## [Directions]
The entries below are to be copied exactly, with every picture left out.
*** Data to process Section Begins ***
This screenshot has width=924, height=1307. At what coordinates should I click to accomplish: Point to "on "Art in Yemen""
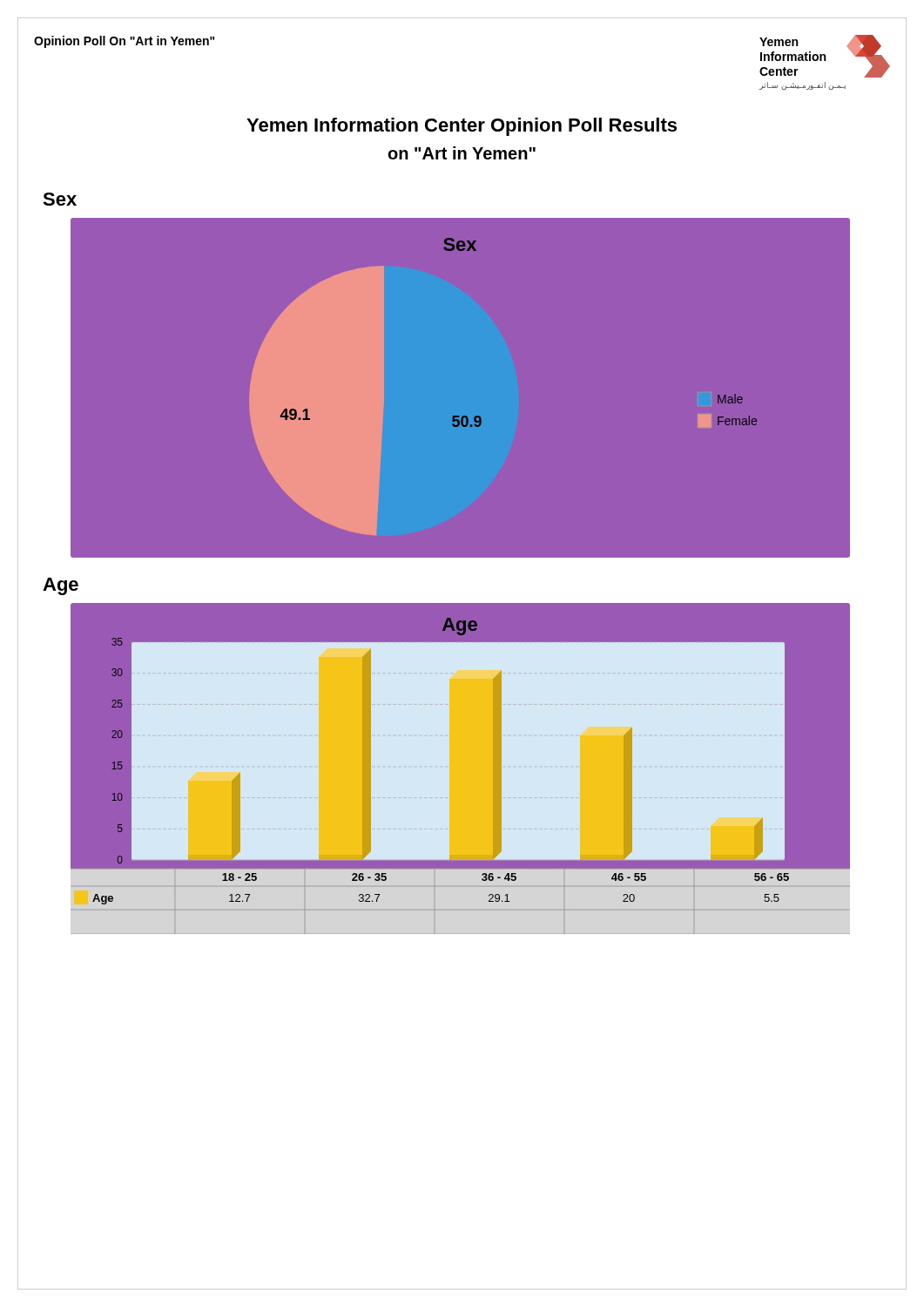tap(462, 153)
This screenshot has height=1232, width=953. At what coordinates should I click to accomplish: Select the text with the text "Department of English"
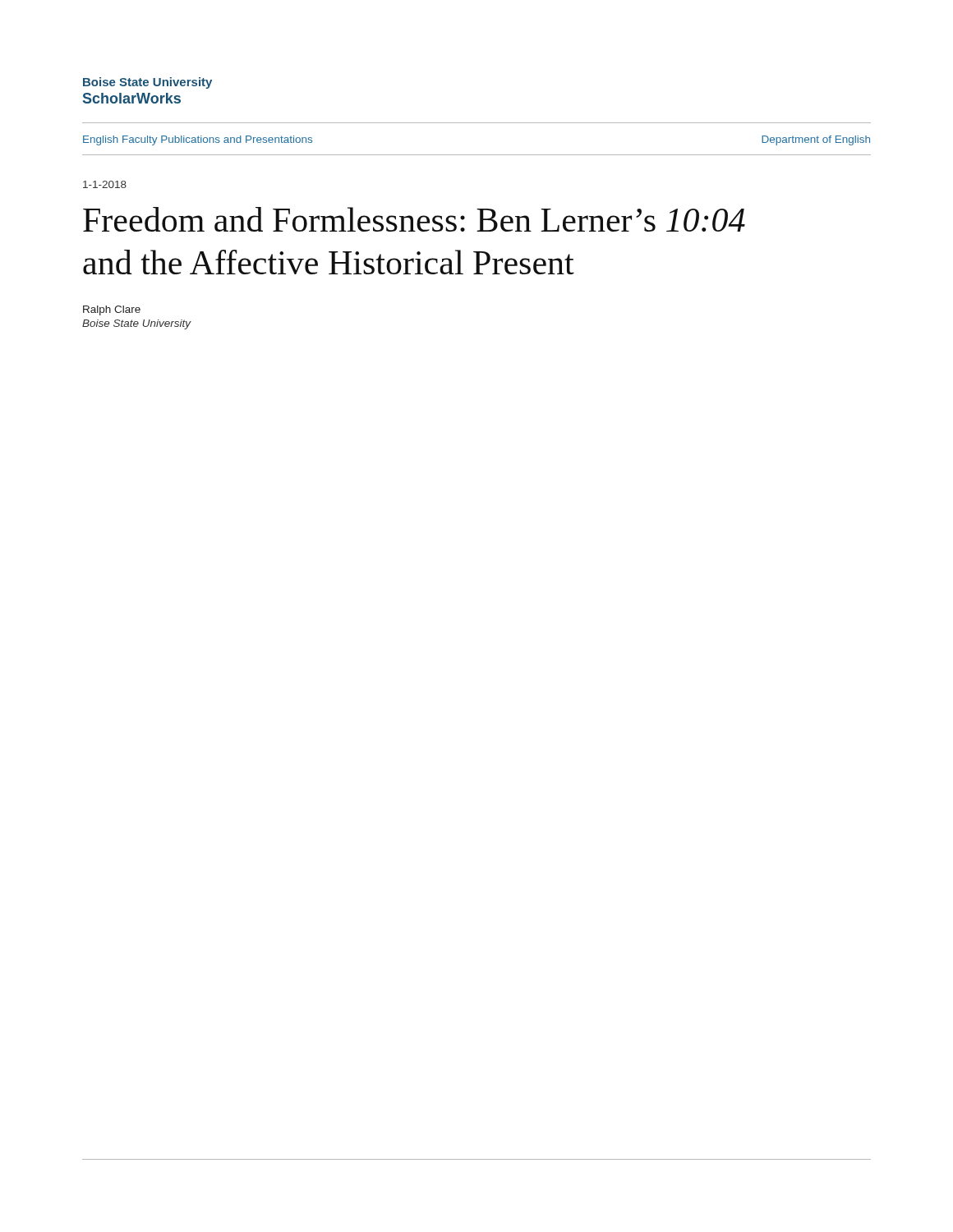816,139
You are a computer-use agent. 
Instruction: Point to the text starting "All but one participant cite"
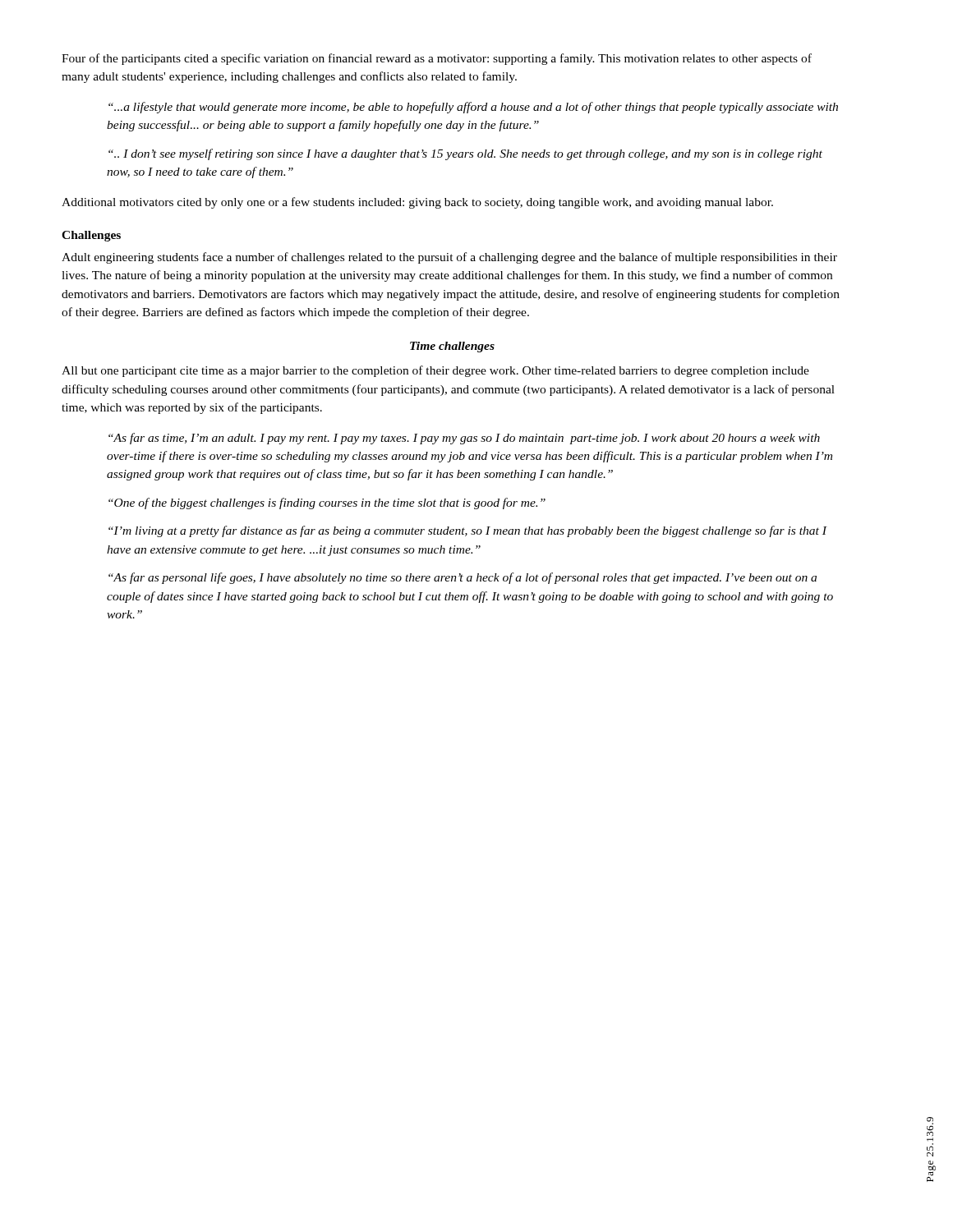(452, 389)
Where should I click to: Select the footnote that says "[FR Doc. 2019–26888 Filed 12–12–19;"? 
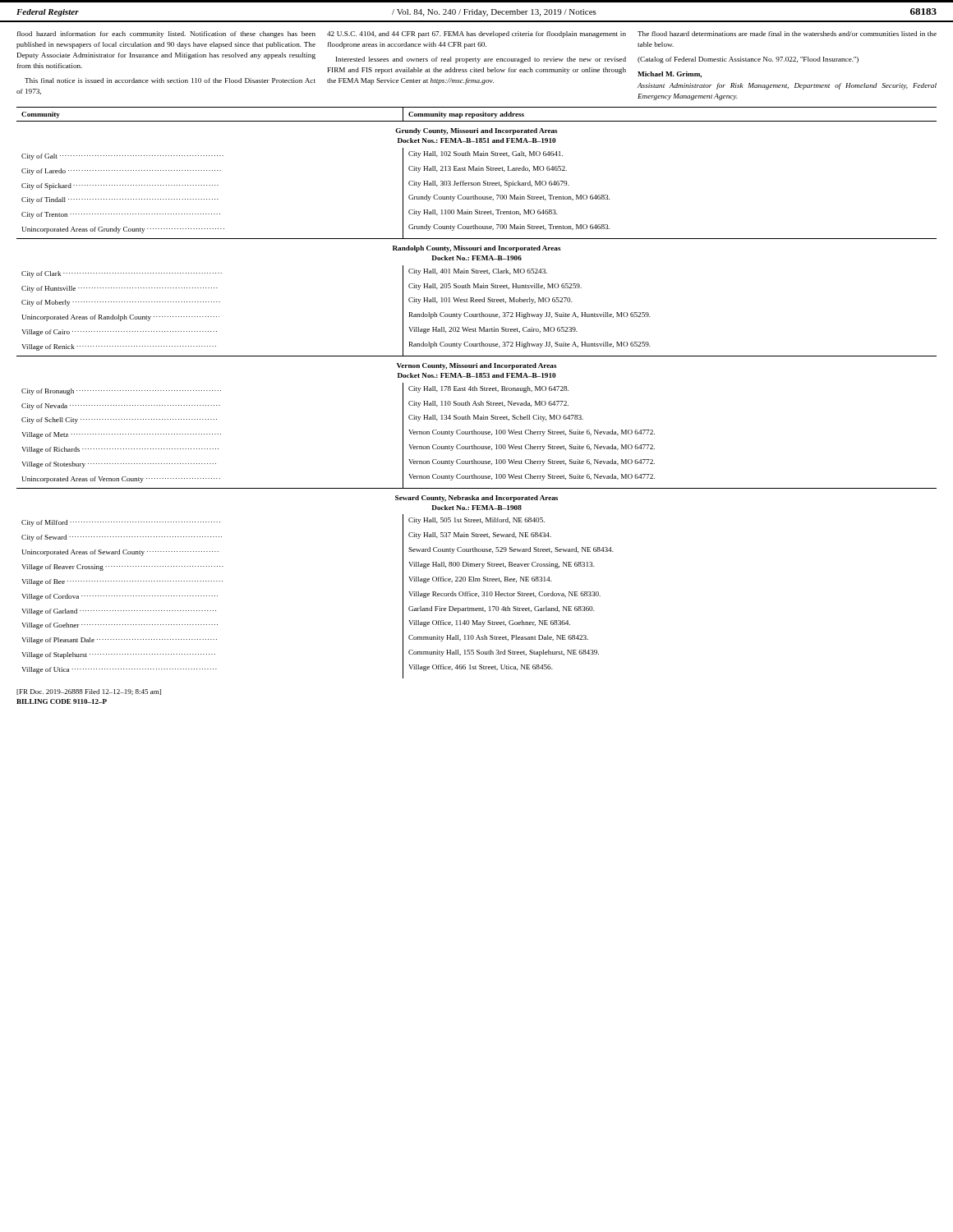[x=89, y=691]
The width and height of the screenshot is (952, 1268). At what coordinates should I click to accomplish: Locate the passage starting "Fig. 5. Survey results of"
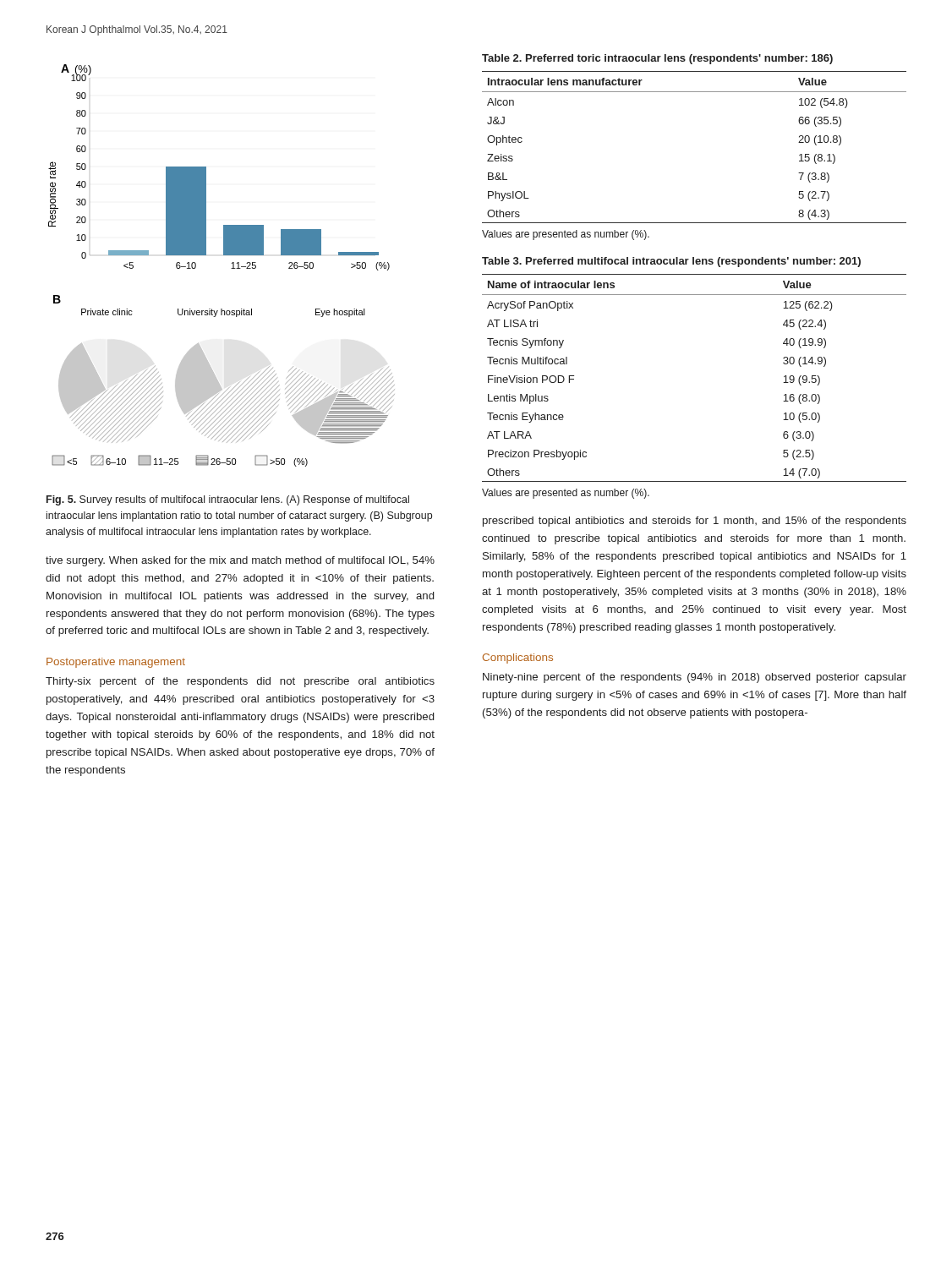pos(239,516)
*** Data to process Section Ends ***
## [Written solution]
This screenshot has width=924, height=1307. At what coordinates should I click to accomplish: Point to "on "Art in Yemen""
tap(462, 153)
This screenshot has height=1232, width=953. At what coordinates should I click to accomplish: Select the text with the text "Department of English"
816,139
You are a computer-use agent. 
Instruction: Point to the text starting "All but one participant cite"
(452, 389)
Where should I click to: Select the footnote that says "[FR Doc. 2019–26888 Filed 12–12–19;"? 
[x=89, y=691]
The width and height of the screenshot is (952, 1268). At what coordinates should I click to accomplish: Locate the passage starting "Fig. 5. Survey results of"
pos(239,516)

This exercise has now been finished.